Standards for truthful AI could be "opt-in". So humans might (a) choose to opt into truthfulness standards for their AI systems, and (b) choose from multiple competing evaluation bodies. Standards need not be mandated by governments to apply to all systems. (I'm not sure how much of your Balkanized internet is mandated by governments rather than arising from individuals opting into different web stacks). We also discuss having different standards for different applications. For example, you might want stricter and more conservative standards for AI that helps assess nuclear weapon safety than for AI that teaches foreign languages to children or assists philosophers with thought experiments.
A few points:
1. Political capture is a matter of degree. For a given evaluation mechanism, we can ask what percentage of answers given by the mechanism were false or inaccurate due to bias. My sense is that some mechanisms/resources would score much better than others. I’d be excited for people to do this kind of analysis with the goal of informing the design of evaluation mechanisms for AI.
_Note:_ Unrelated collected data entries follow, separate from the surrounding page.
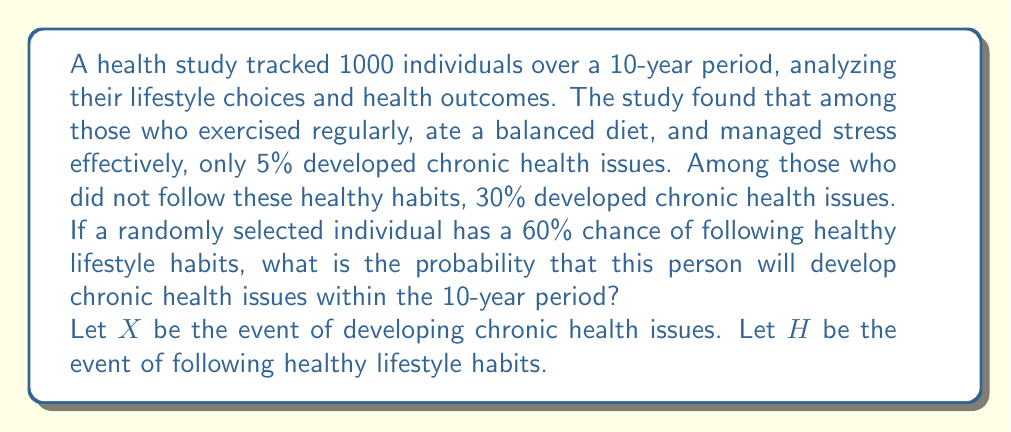Solve this math problem. Let's approach this step-by-step using the law of total probability:

1) We are given:
   $P(H) = 0.60$ (probability of following healthy habits)
   $P(X|H) = 0.05$ (probability of health issues given healthy habits)
   $P(X|\text{not }H) = 0.30$ (probability of health issues given unhealthy habits)

2) We need to find $P(X)$. The law of total probability states:
   $$P(X) = P(X|H) \cdot P(H) + P(X|\text{not }H) \cdot P(\text{not }H)$$

3) We know $P(H) = 0.60$, so $P(\text{not }H) = 1 - P(H) = 0.40$

4) Now we can substitute all values into the equation:
   $$P(X) = 0.05 \cdot 0.60 + 0.30 \cdot 0.40$$

5) Calculating:
   $$P(X) = 0.03 + 0.12 = 0.15$$

6) Therefore, the probability of developing chronic health issues is 0.15 or 15%.
Answer: 0.15

I expect humans would ask AI many questions that don’t depend much on controversial political questions. This would include most questions about the natural sciences, math/CS, and engineering. This would also include “local” questions about particular things (e.g. “Does the doctor I’m seeing have expertise in this particular sub-field?”, “Am I likely to regret renting this particular apartment in a year?”). Unless the evaluation mechanism is extremely biased, it seems unlikely it would give biased answers for these questions. (The analogous question is what percentage of all sentences on Wikipedia are politically controversial.)
2. AI systems have the potential to provide rich epistemic information about their answers. If a human is especially interested in a particular question, they could ask, “Is this controversial? What kind of biases might influence answers (including your own answers)? What’s the best argument on the opposing side? How would you bet on a concrete operationalized version of the question?”. The general point is that humans can interact with the AI to get more nuanced information (compared to Wikipedia or academia). On the other hand: (a) some humans won’t ask for more nuance, (b) AIs may not be smart enough to provide it, (c) the same political bias may influence how the AI provides nuance.
3. Over time, I expect AI will be increasingly involved in the process of evaluating other AI systems. This doesn’t remove human biases. However, it might mean the problem of avoiding capture is somewhat different than with (say) academia and other human institutions.